Any idea if this was a standardbred harness? The race tracks in eastern Ontario underwent a government shuffle that threw about 6000 people out of work, the domino effect. What is a waterhook? I drove a big team years ago pulling a wagon and not familiar with that term. Does it restrict what the horse can be hooked up to?


----------



## Clayton Taffy (May 24, 2011)

A water hook is the hook in the middle-top of the saddle, that you would hook the over or side check to. The name came because you have to take the check off that hook to enable your horse to lower its head to drink water.


----------



## Saddlebag (Jan 17, 2011)

The pics I'd requested weren't forthcoming. The ad has disappeared, so either someone has bo't it or the ad wasn't legit. The email address was Hotmail. My search continues. A barely used biothane for a cob has some up for sale. I'll have to doublecheck the measurements altho I suspect it won't fit. Taffy, I just called it the check rein hook. Learned something new. Thanks


----------



## Clayton Taffy (May 24, 2011)

I can't remember how big your horse is but I have a beautiful Smuckers Delux with a super delux bridle, Show ready condition, I know you are not showing but it is excellent condition. It is a warmblood size for $1100.

































It is this harness minus the false martingale.


----------



## Zexious (Aug 2, 2013)

^Did you do that smiley face on purpose?


----------



## Saddlebag (Jan 17, 2011)

If we'd get one decent day I'd get him measured. We had one, just one, and a good deal of it was spent pulling snow off one roof and trying to shovel my way into the tack room. I didn't make it. Now we have more snow and wind. How big is the buckskin? That's a lovely turnout.


----------



## Clayton Taffy (May 24, 2011)

Saddlebag said:


> If we'd get one decent day I'd get him measured. We had one, just one, and a good deal of it was spent pulling snow off one roof and trying to shovel my way into the tack room. I didn't make it. Now we have more snow and wind. How big is the buckskin? That's a lovely turnout.


My buckskin is 15.3 at the withers and 16 at the rump. :lol:
And he weighs in at 1300 lbs.
On the harness, there is no wear on the buckle billets, in fact it is hard to tell where the buckle was against the harness.


----------



## Clayton Taffy (May 24, 2011)

Zexious said:


> ^Did you do that smiley face on purpose?
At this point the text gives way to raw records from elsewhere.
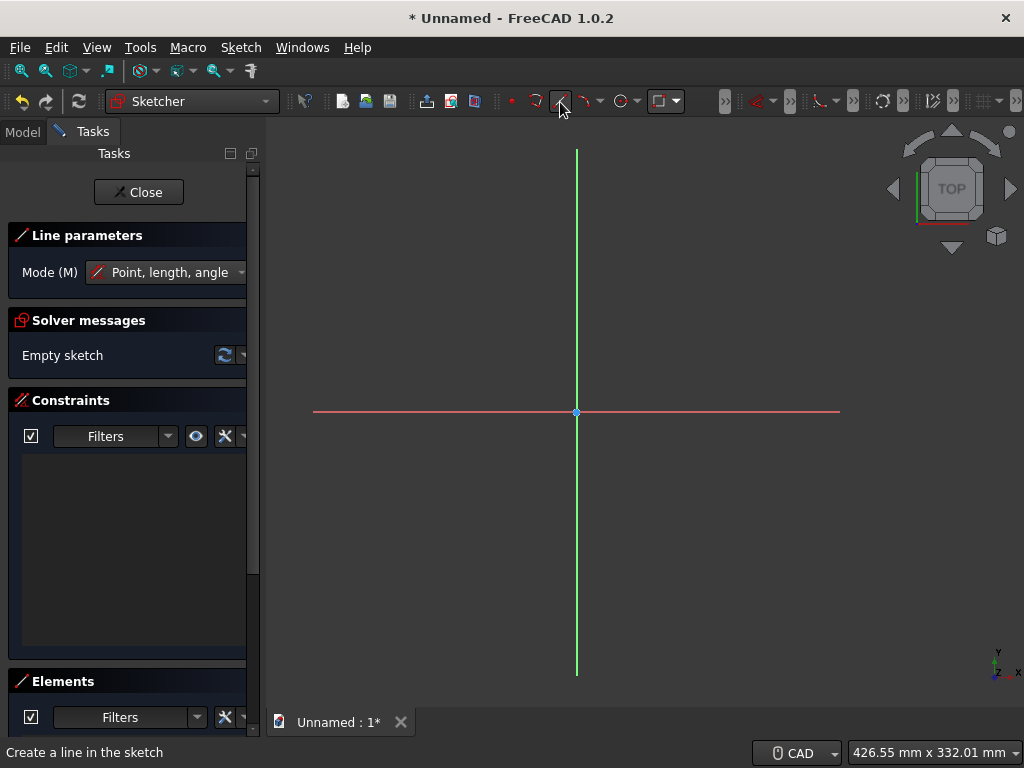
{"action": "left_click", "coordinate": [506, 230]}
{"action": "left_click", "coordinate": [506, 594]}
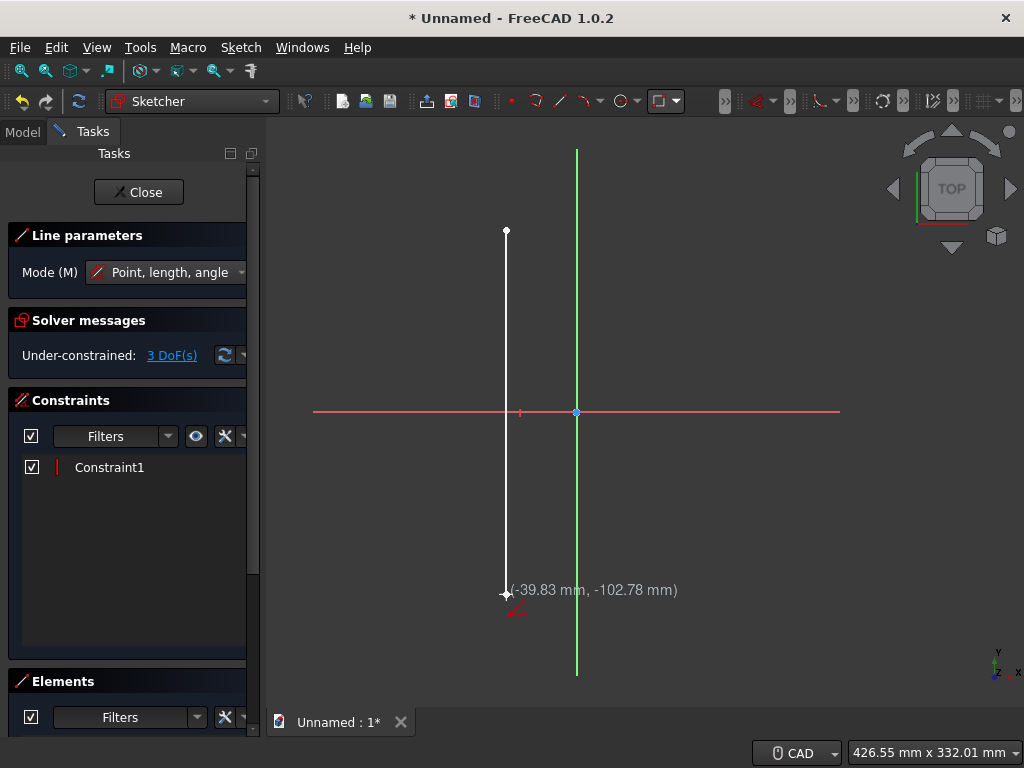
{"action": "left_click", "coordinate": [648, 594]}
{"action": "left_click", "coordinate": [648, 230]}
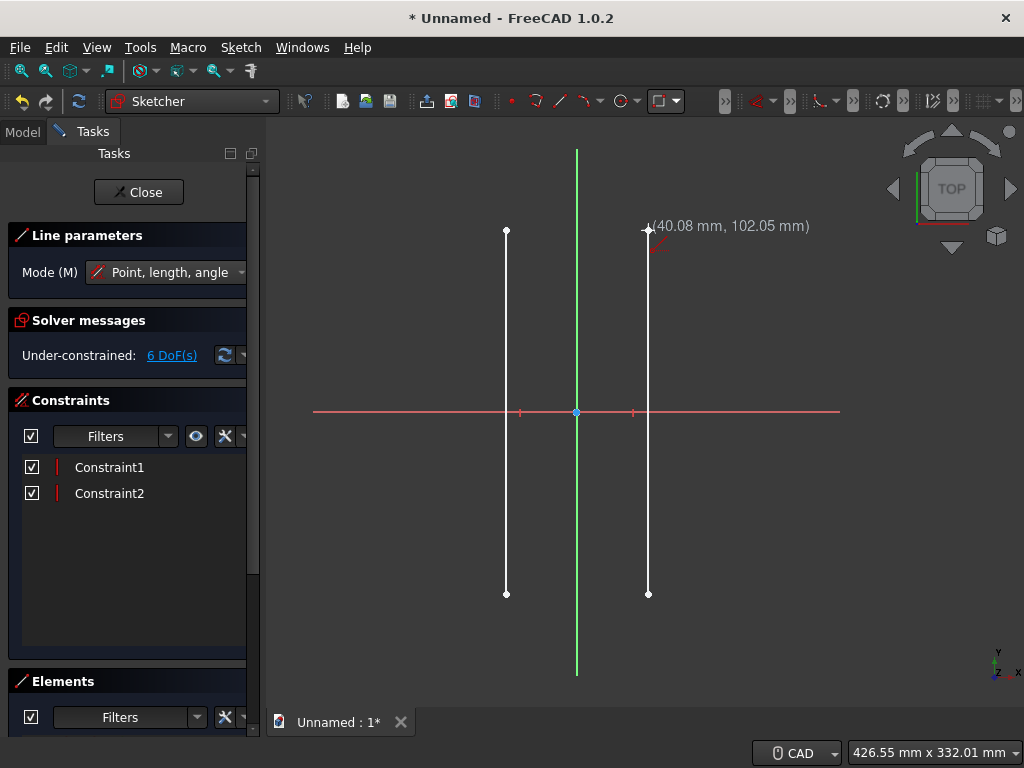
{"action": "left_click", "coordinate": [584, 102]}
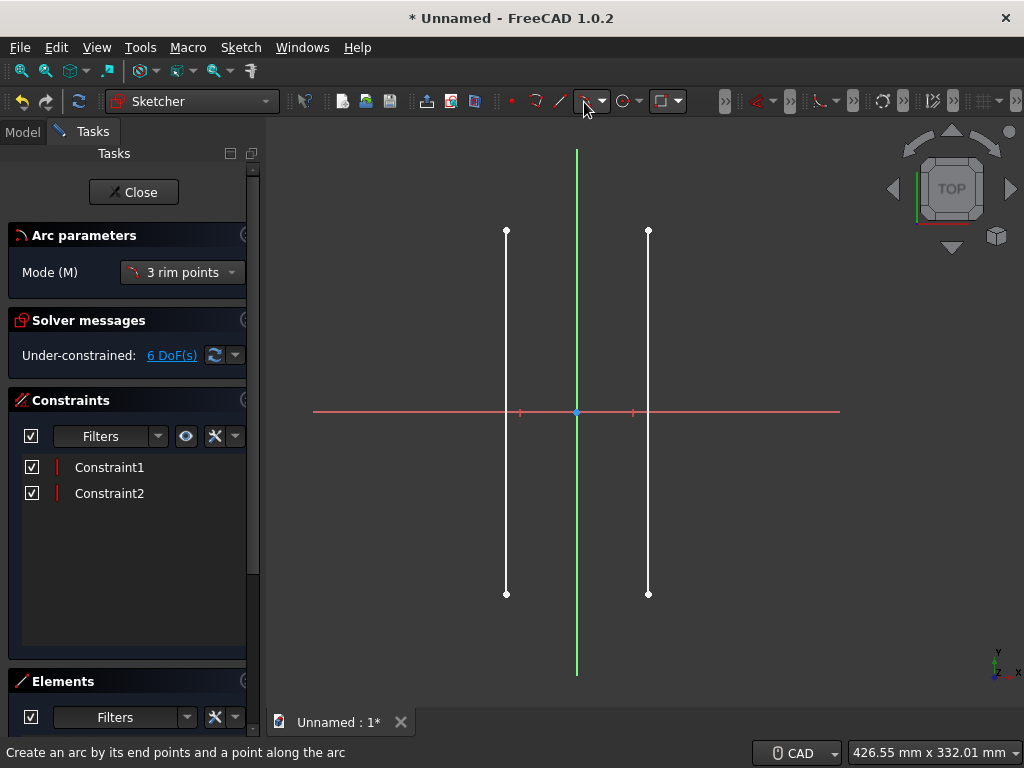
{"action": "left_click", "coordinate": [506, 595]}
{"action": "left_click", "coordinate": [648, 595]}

Yes! I thought it would catch someones eye in an ad.


----------



## greentree (Feb 27, 2013)

CaliforniaDreaming said:


> I think it might be a marathon style. There's a small waterhook from what I can tell. My Comfy Fit harness has a little nubbin of a waterhook too compared to my Liberty harness from Ron's/Amber Hillside.


A marathon harness should not have a sliding backband though.... marathon vehicle usually have independent shafts, and that combination spells wreck.

Nancy


----------



## Saddlebag (Jan 17, 2011)

It'd never heard of a sliding back band until I began my harness search. Taffy, I did enjoy the "face". As much as I'd love your harness, the dollar exchange is not in my favor, add the cost of shipping and 13% tax......Our provincial gov't charges us 13% at the border for used items from a private sale or business. Yet in Ontario we don't pay the tax on a used item from a private sale and shipping is much cheaper. Both Can and US postal services are sure discouraging cross border shopping with their high parcel rates.


----------



## Clayton Taffy (May 24, 2011)

Wow! I see why you want to by local


----------